Model Stock Merge Method: Optimizes contribution from each model to retain the best attributes.
Weighted Blending: The abliterated and re-distilled models contribute the most, refining both alignment and general usability.

🗣️ Inference

You can use the model for text generation as follows:

Ollama

Quickstart to Ollama Guide Here I recommend ollama for daily driver applications, as it supports thinkking tags.

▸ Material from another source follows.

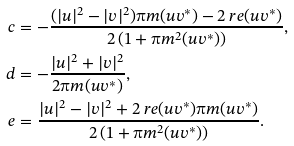Convert formula to latex. <formula><loc_0><loc_0><loc_500><loc_500>c & = - \frac { ( | u | ^ { 2 } - | v | ^ { 2 } ) \i m ( u v ^ { * } ) - 2 \ r e ( u v ^ { * } ) } { 2 \left ( 1 + \i m ^ { 2 } ( u v ^ { * } ) \right ) } , \\ d & = - \frac { | u | ^ { 2 } + | v | ^ { 2 } } { 2 \i m ( u v ^ { * } ) } , \\ e & = \frac { | u | ^ { 2 } - | v | ^ { 2 } + 2 \ r e ( u v ^ { * } ) \i m ( u v ^ { * } ) } { 2 \left ( 1 + \i m ^ { 2 } ( u v ^ { * } ) \right ) } .</formula> 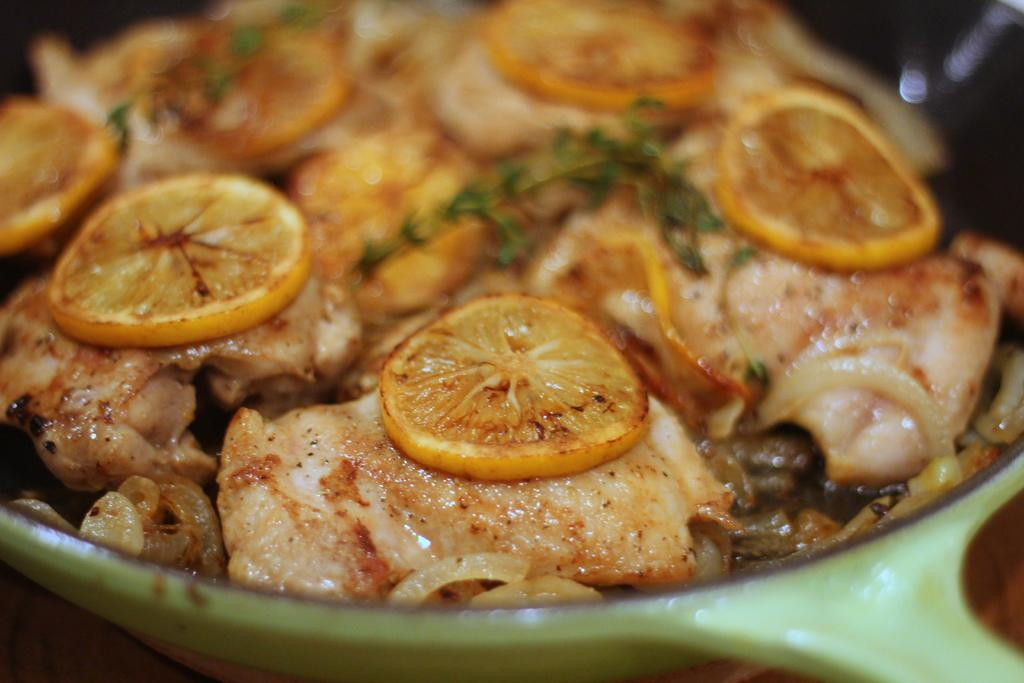What is in the bowl that is visible in the image? There is food in a bowl in the image. What type of truck is parked on the page during the holiday in the image? There is no truck, page, or holiday present in the image; it only features a bowl of food.

ollama run hf.co/ZeroXClem/Qwen2.5-7B-DistilPrism

# If you are using quants, just copy the url and replace 'huggingface.co/' with 'hf.co/' followed by name of quant.

Transformers

from transformers import AutoTokenizer, AutoModelForCausalLM, pipeline
import torch

# Define the model name
model_name = "ZeroXClem/Qwen2.5-7B-DistilPrism"

# Load the tokenizer
tokenizer = AutoTokenizer.from_pretrained(model_name)

# Load the model
model = AutoModelForCausalLM.from_pretrained(
    model_name,
    torch_dtype=torch.bfloat16,
    device_map="auto"
)

# Initialize the pipeline
text_generator = pipeline(
    "text-generation",
    model=model,
    tokenizer=tokenizer,
    torch_dtype=torch.bfloat16,
    device_map="auto"
)

# Define the input prompt
prompt = "Explain the significance of artificial intelligence in modern healthcare."

# Generate the output
outputs = text_generator(
    prompt,
    max_new_tokens=150,
    do_sample=True,
    temperature=0.7,
    top_k=50,
    top_p=0.95
)

# Print the generated text
print(outputs[0]["generated_text"])

🎯 Use Case & Applications

Qwen2.5-7B-DistilPrism is designed for efficient, high-quality text generation with strong reasoning capabilities. It is well-suited for:

Advanced Reasoning & Problem Solving: Excels in logic-heavy tasks and multi-step reasoning problems.
Conversational AI: Optimized for fluid, responsive dialogue, reducing refusals and improving engagement.
Mathematical & Scientific Computation: Enhanced math & code generation abilities compared to standard distillations.
Content Creation & Summarization: Generates coherent and contextually rich text suitable for various applications.

📜 License

This model is released under the MIT License.

📊 Benchmark Results (Coming Soon)

We are currently in the process of quantizing and benchmarking this model. Stay tuned for performance updates across:

IFEval (0-Shot)
BBH (3-Shot)
MATH (4-Shot)
GPQA (0-Shot)
MuSR (0-Shot)
MMLU-PRO (5-Shot)

🙏 Special Thanks

This project wouldn't be possible without the incredible contributions from:

@huihui-ai – For developing DeepSeek-R1-Distill-Qwen-7B-abliterated-v2, a bold step towards improving model alignment.
@mobiuslabsgmbh – For refining distillation techniques with DeepSeek-R1-ReDistill-Qwen-7B-v1.1.
@Triangle104 – For crafting innovative merges like DSR1-Distill-Qwen-7B-RP, an essential component in this blend.
@deepseek-ai – For open-sourcing DeepSeek-R1-Distill-Qwen-7B, a foundation for reasoning advancements.